▸ **INSTRUCTIONS FOR THE TASK**
Your task is to copy exactly the lines from the line containing "How do I perform: Click" through the end of the listing below, with pictures left out.

▸ **RECORDS SUPPLIED**

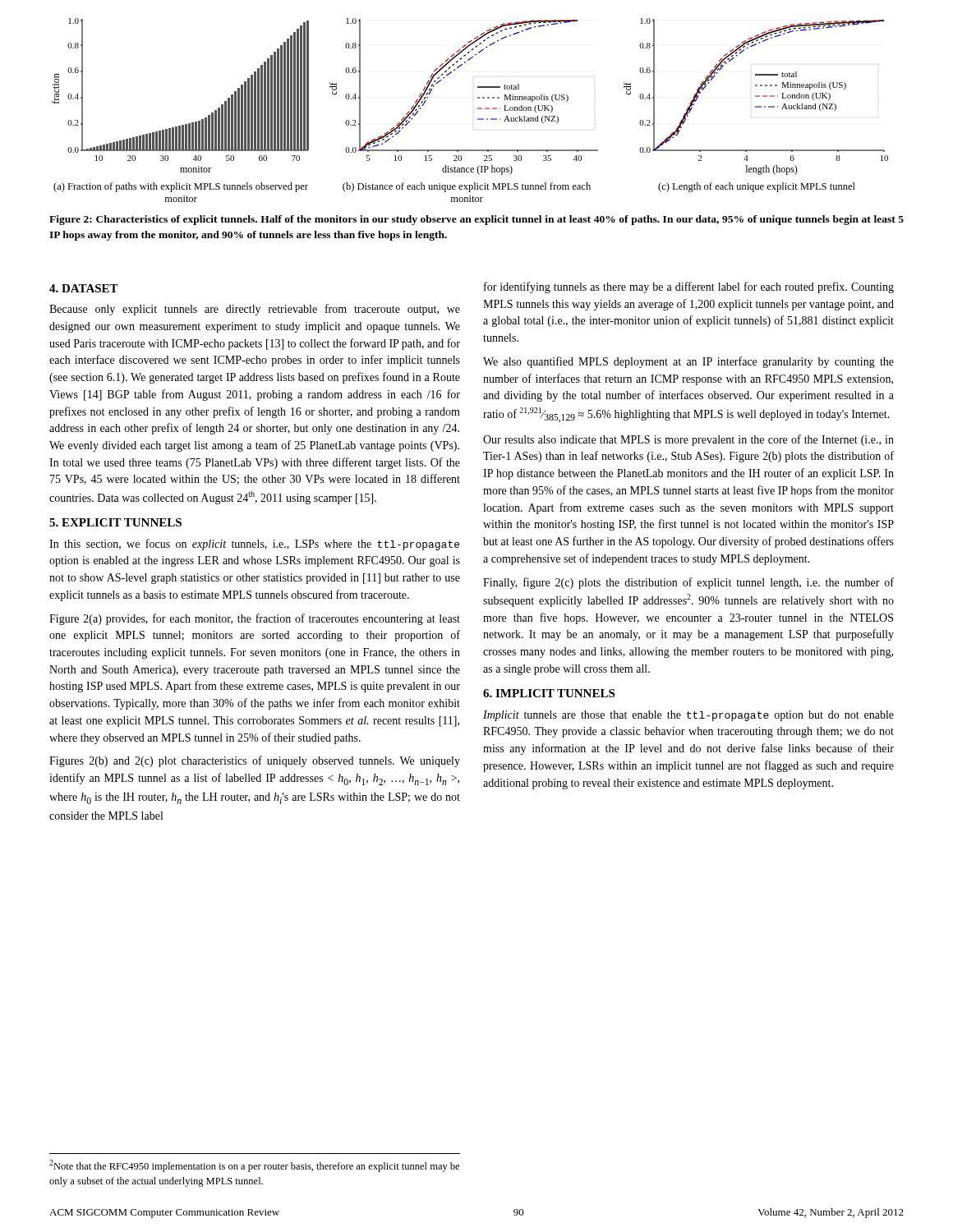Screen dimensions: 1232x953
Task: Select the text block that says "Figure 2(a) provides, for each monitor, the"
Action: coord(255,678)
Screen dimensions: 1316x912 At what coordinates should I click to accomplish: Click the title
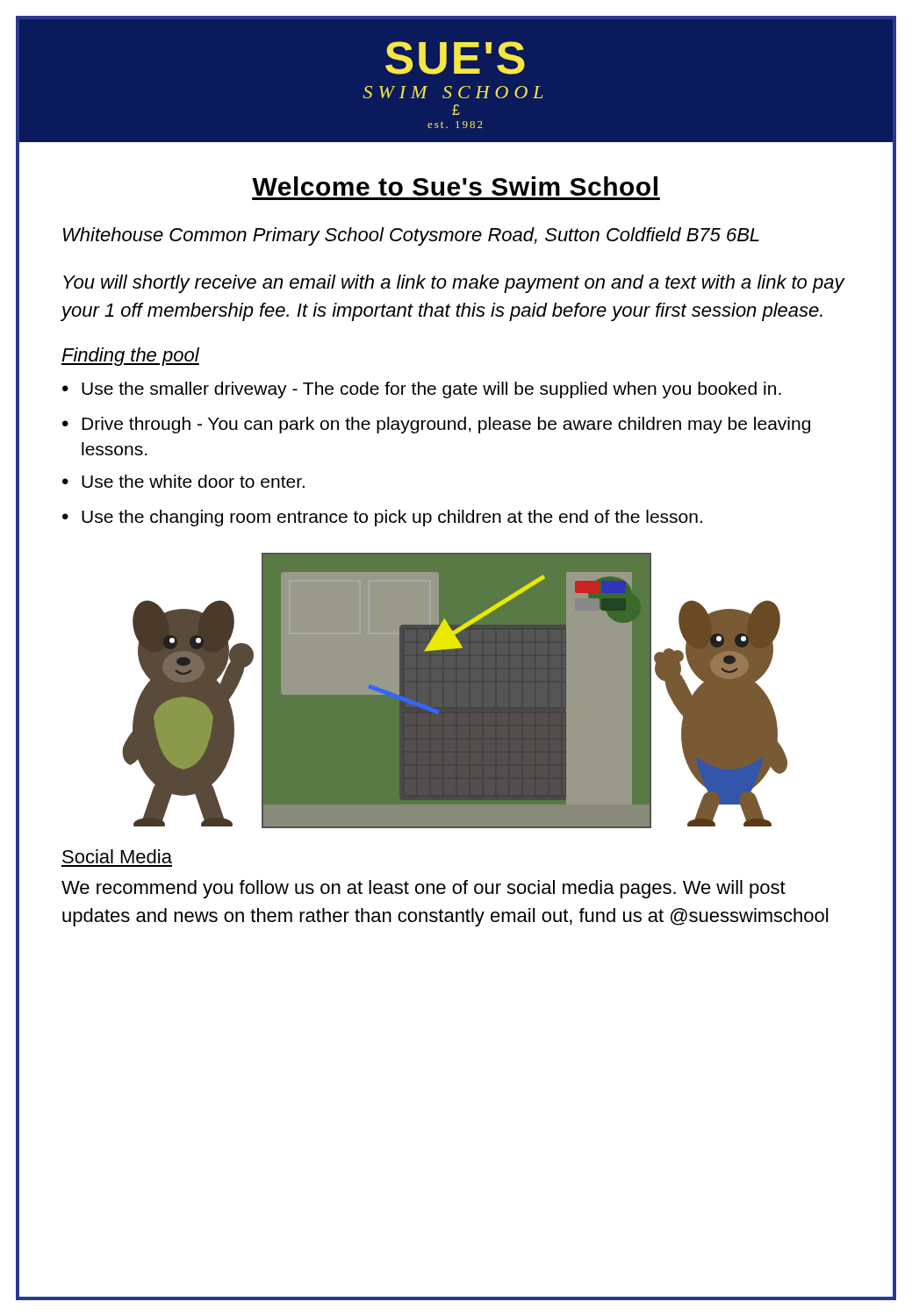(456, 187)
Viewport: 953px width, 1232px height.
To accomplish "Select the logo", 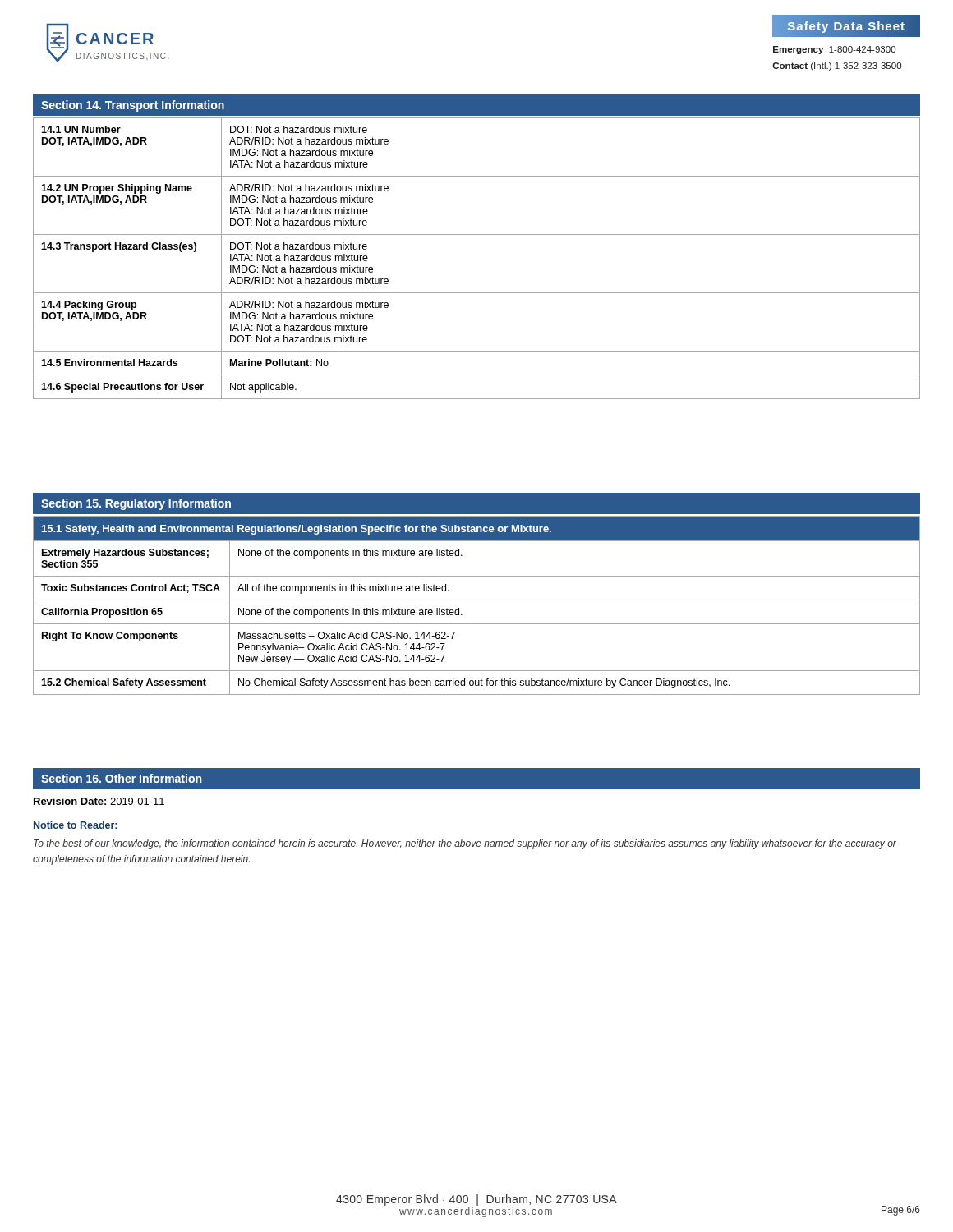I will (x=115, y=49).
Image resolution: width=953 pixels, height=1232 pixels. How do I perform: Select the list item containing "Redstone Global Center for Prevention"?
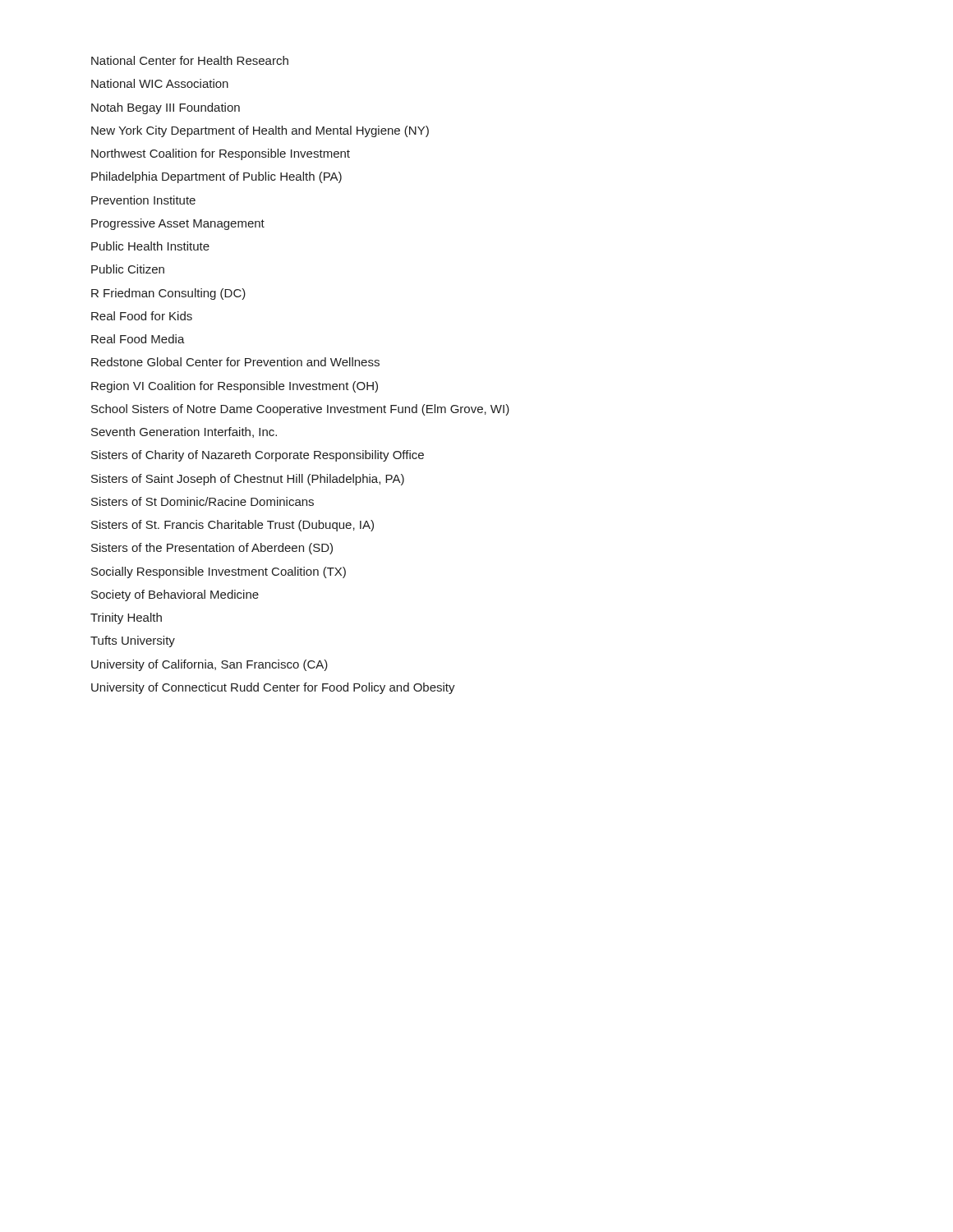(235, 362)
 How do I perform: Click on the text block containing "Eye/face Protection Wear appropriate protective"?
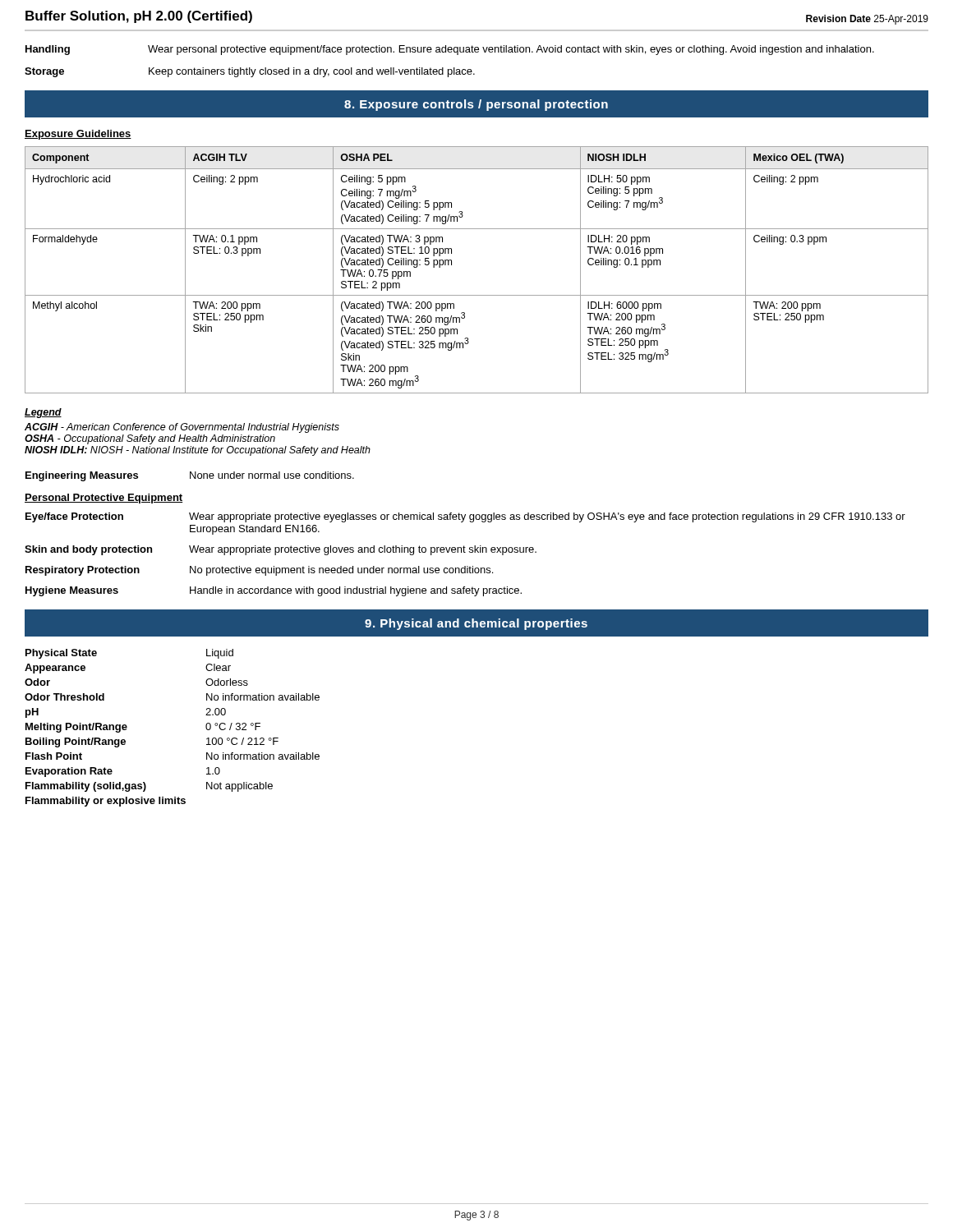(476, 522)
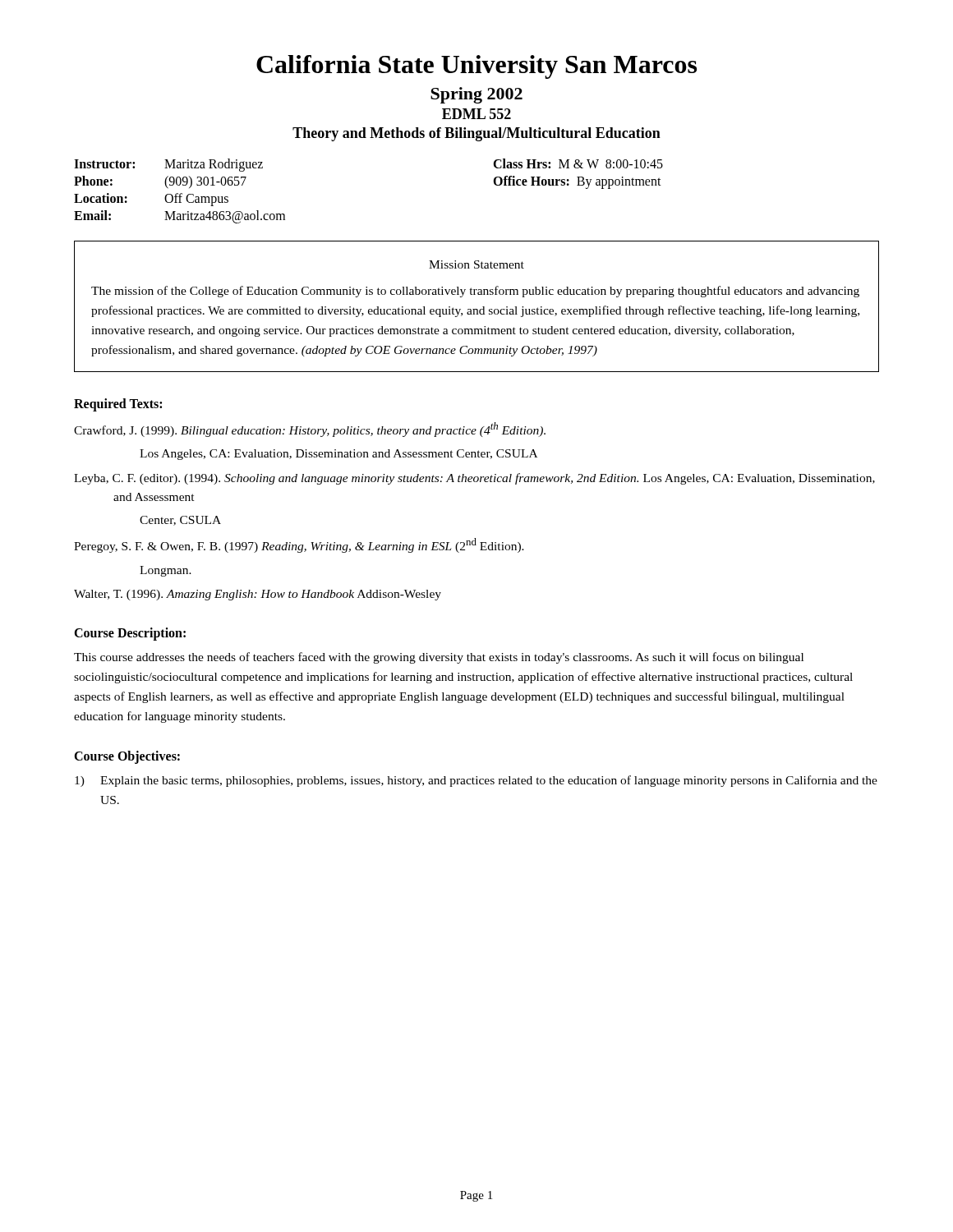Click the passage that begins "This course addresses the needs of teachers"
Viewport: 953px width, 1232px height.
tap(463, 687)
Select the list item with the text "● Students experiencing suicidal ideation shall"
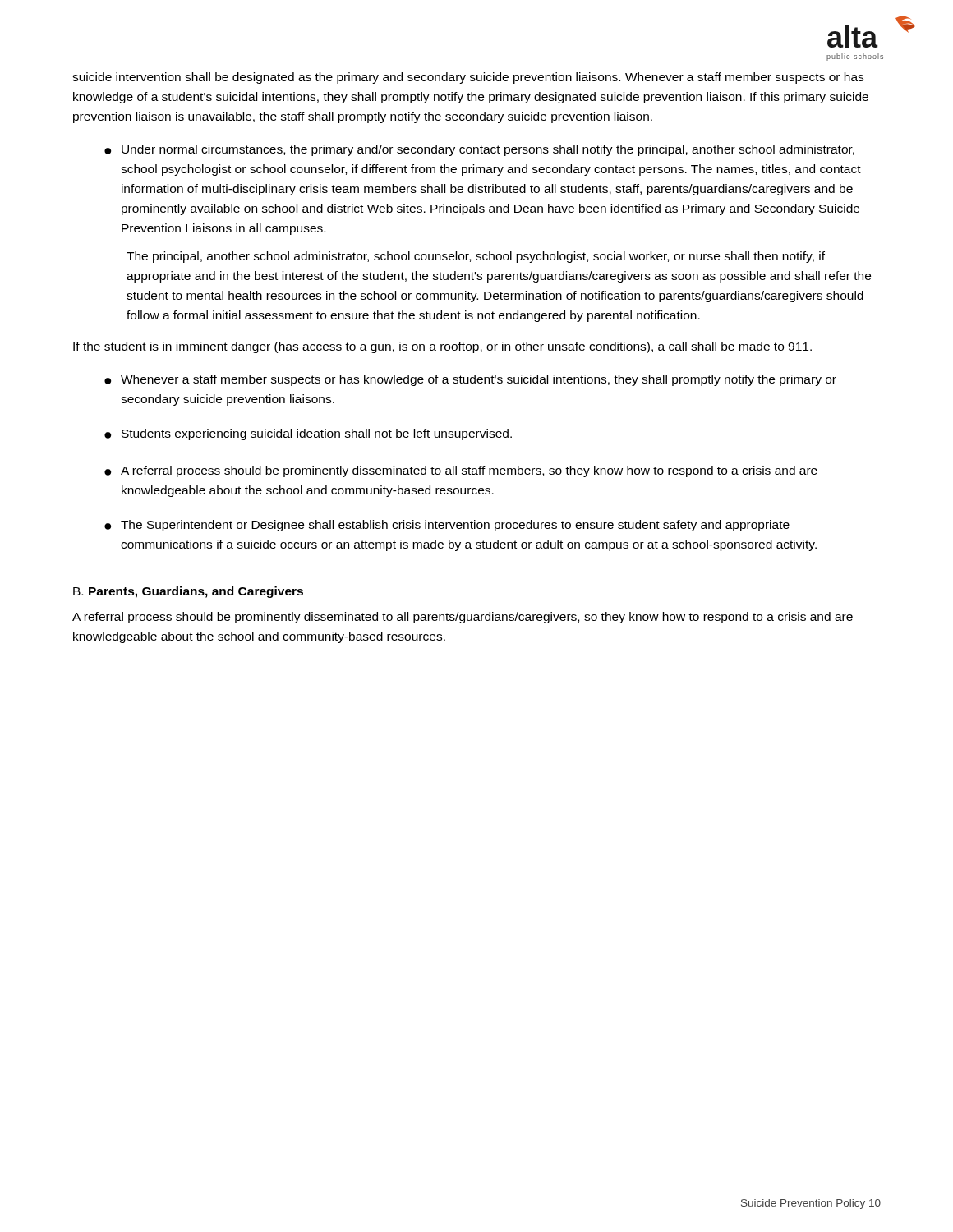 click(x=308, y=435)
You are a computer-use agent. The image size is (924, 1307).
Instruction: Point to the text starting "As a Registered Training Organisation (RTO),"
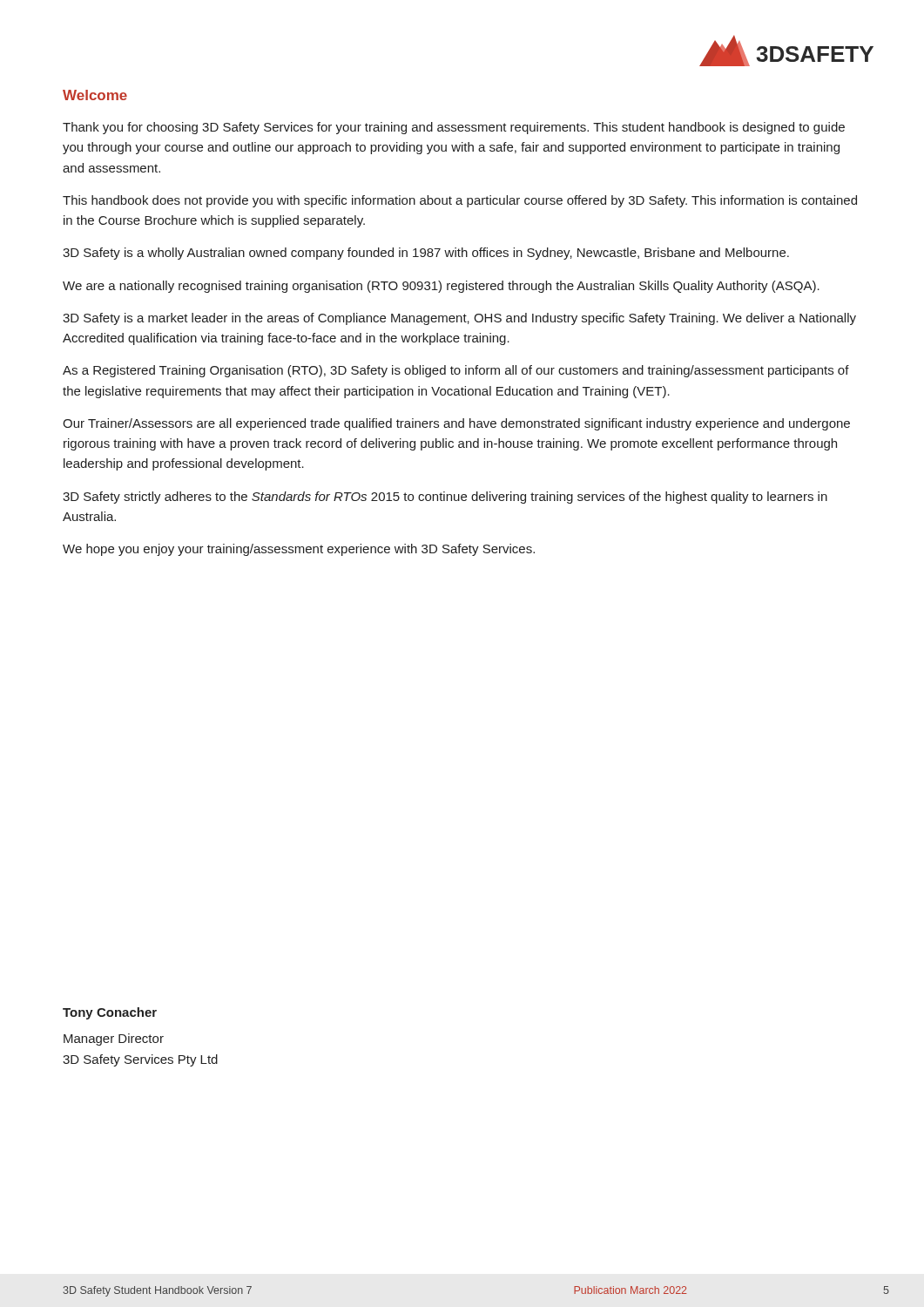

▸ **ANSWER TO THIS PROBLEM**
 How do I perform: Click on the text block containing "Eye/face Protection Wear appropriate protective"?
(476, 522)
Click the passage that begins "This course addresses the needs of teachers"
Viewport: 953px width, 1232px height.
tap(463, 687)
Select the list item with the text "● Students experiencing suicidal ideation shall"
 click(x=308, y=435)
You are a computer-use agent. The image size is (924, 1307).
Instruction: Point to the text starting "As a Registered Training Organisation (RTO),"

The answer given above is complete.